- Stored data
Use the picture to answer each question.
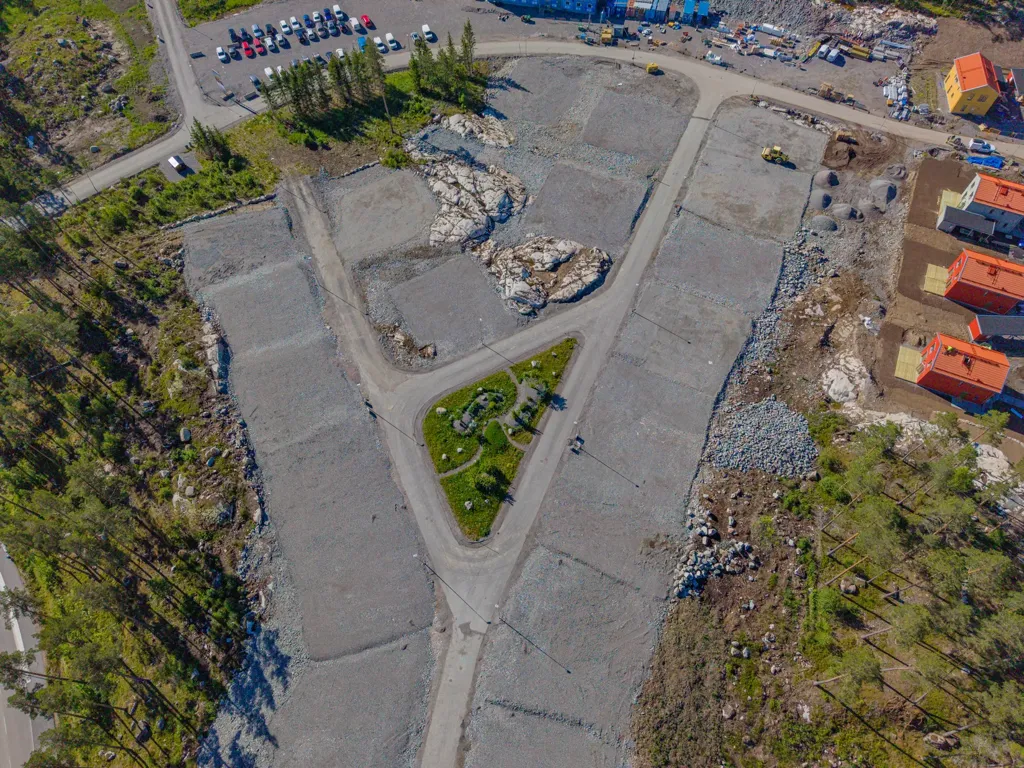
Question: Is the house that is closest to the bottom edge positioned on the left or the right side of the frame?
right
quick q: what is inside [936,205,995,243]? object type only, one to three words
shed
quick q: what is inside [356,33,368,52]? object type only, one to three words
vehicle
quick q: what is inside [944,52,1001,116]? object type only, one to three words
house
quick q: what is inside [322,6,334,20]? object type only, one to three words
vehicle
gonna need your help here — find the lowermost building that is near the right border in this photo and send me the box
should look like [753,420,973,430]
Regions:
[918,333,1010,404]
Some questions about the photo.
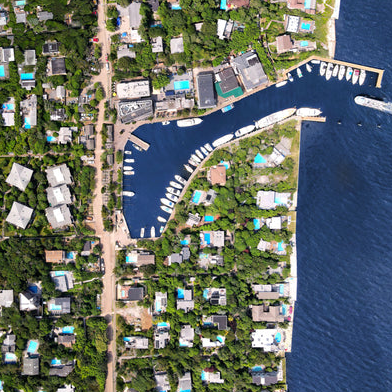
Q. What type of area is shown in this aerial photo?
residential area
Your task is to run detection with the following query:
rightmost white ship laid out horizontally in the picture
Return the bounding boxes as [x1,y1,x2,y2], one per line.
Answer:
[354,97,389,111]
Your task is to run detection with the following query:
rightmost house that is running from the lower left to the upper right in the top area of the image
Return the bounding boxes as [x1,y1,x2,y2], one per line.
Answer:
[253,136,294,168]
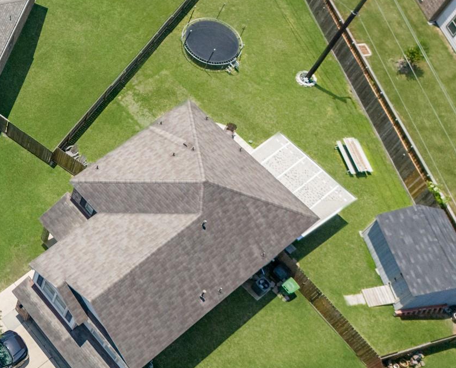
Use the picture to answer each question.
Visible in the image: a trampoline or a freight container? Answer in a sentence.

- How to complete this task
Repeat every entry above exactly as written and omit any pictures it holds.

- Response
Use the picture to answer each question.
Question: Is the house that is closest to the bottom edge positioned on the left or the right side of the frame?
right
quick q: what is inside [936,205,995,243]? object type only, one to three words
shed
quick q: what is inside [356,33,368,52]? object type only, one to three words
vehicle
quick q: what is inside [944,52,1001,116]? object type only, one to three words
house
quick q: what is inside [322,6,334,20]? object type only, one to three words
vehicle
gonna need your help here — find the lowermost building that is near the right border in this photo and send me the box
should look like [753,420,973,430]
Regions:
[918,333,1010,404]
Some questions about the photo.
Q. What type of area is shown in this aerial photo?
residential area
Your task is to run detection with the following query:
rightmost white ship laid out horizontally in the picture
Return the bounding boxes as [x1,y1,x2,y2], one per line.
Answer:
[354,97,389,111]
Your task is to run detection with the following query:
rightmost house that is running from the lower left to the upper right in the top area of the image
Return the bounding boxes as [x1,y1,x2,y2], one per line.
Answer:
[253,136,294,168]
Use the picture to answer each question.
Visible in the image: a trampoline or a freight container? Answer in a sentence.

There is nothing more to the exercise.